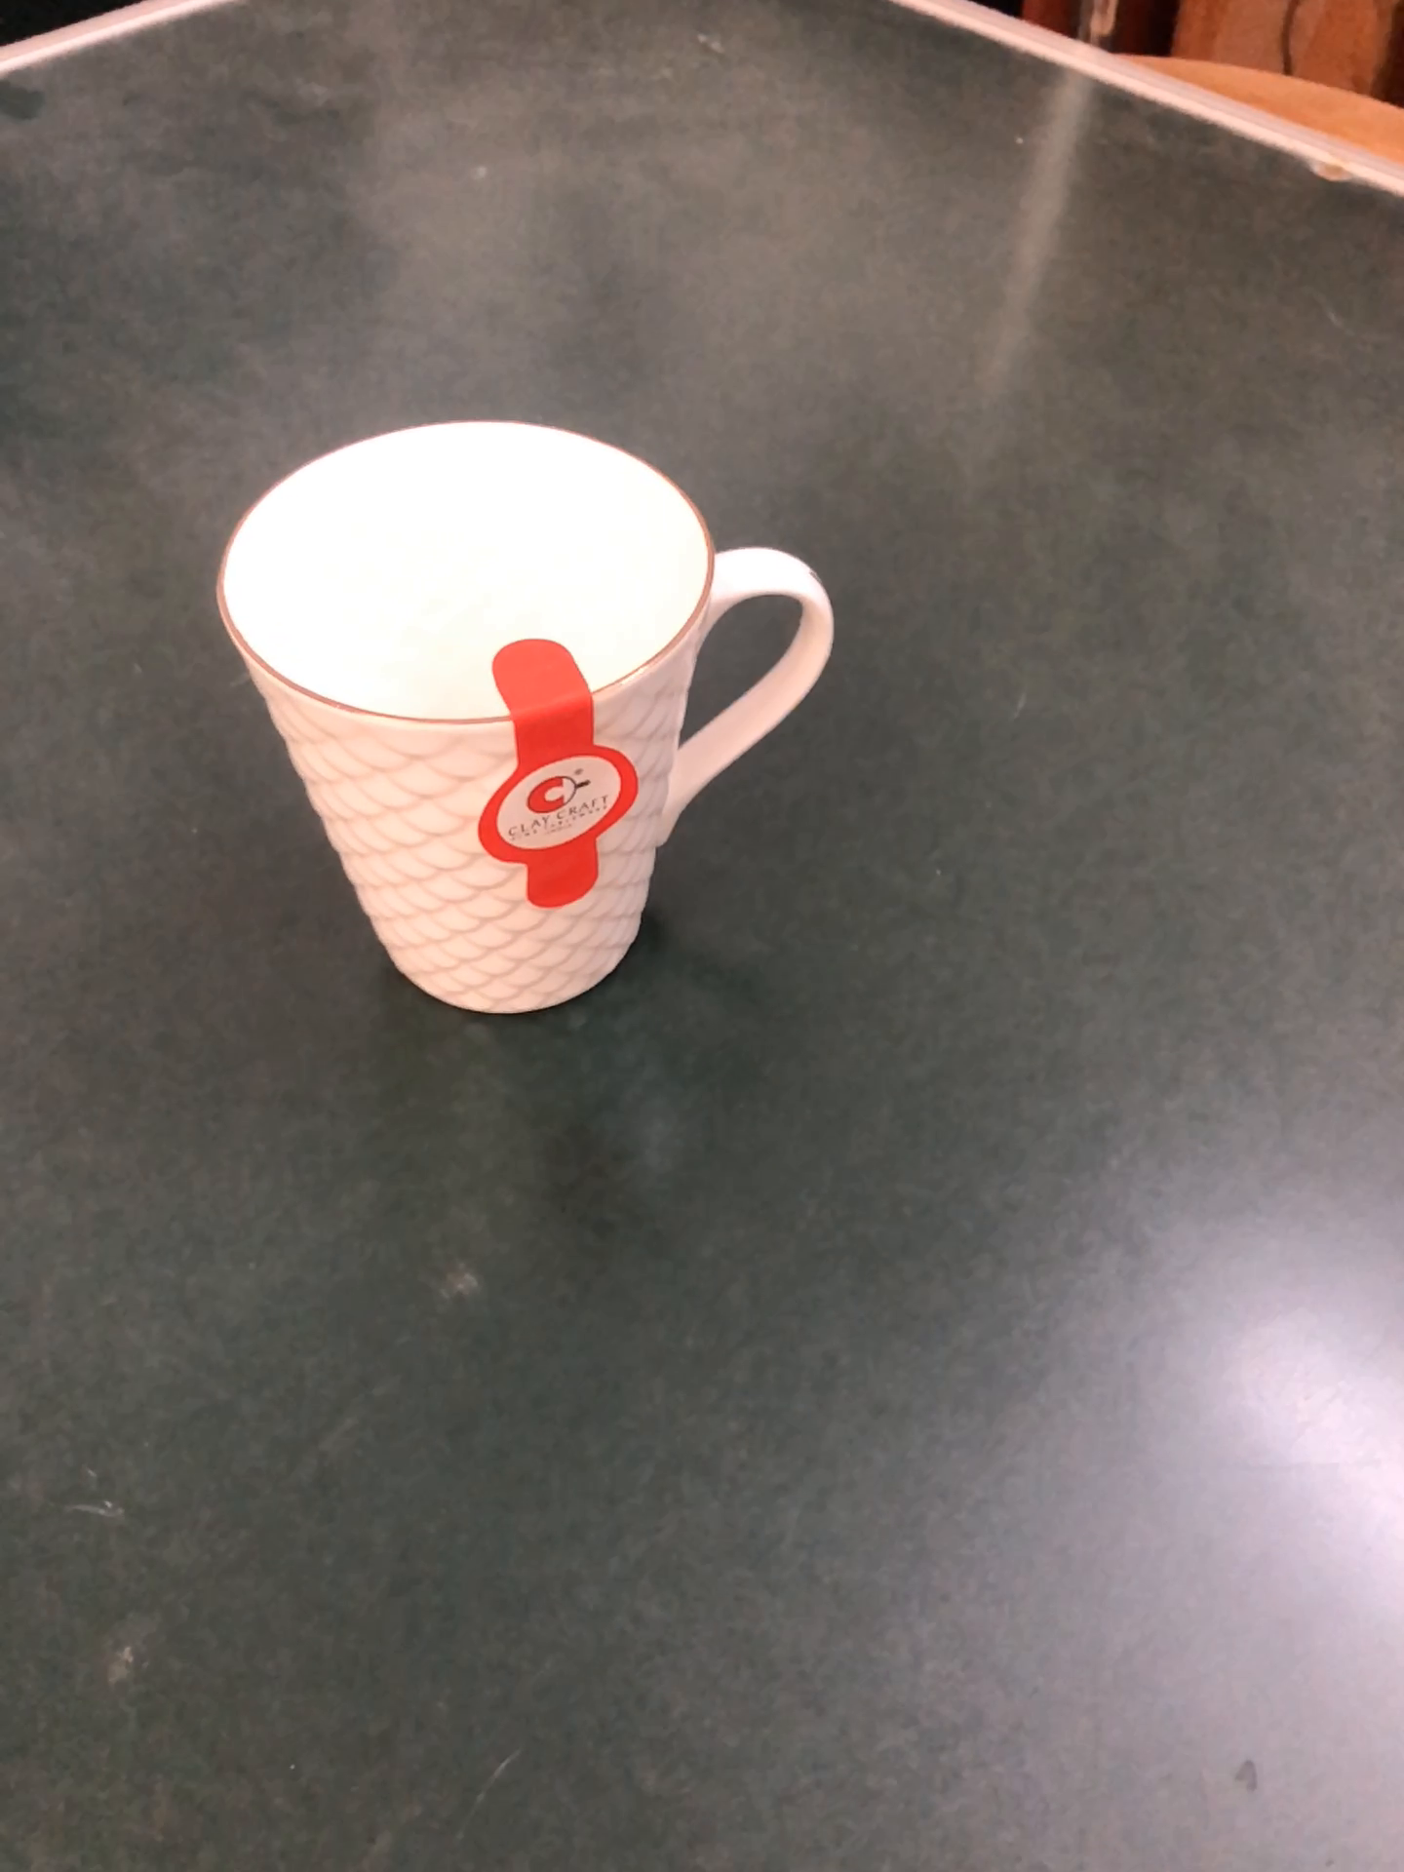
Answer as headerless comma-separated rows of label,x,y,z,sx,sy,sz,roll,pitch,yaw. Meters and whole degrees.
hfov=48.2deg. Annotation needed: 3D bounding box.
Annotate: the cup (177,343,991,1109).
cup,-0.023,-0.042,0.307,0.120,0.090,0.080,-19,53,-16

- [Assignment] Repeat every line above exactly, minus the pictures.

- [The answer]
Answer as headerless comma-separated rows of label,x,y,z,sx,sy,sz,roll,pitch,yaw. Meters and whole degrees.
hfov=48.2deg. Annotation needed: 3D bounding box.
Annotate: the cup (177,343,991,1109).
cup,-0.023,-0.042,0.307,0.120,0.090,0.080,-19,53,-16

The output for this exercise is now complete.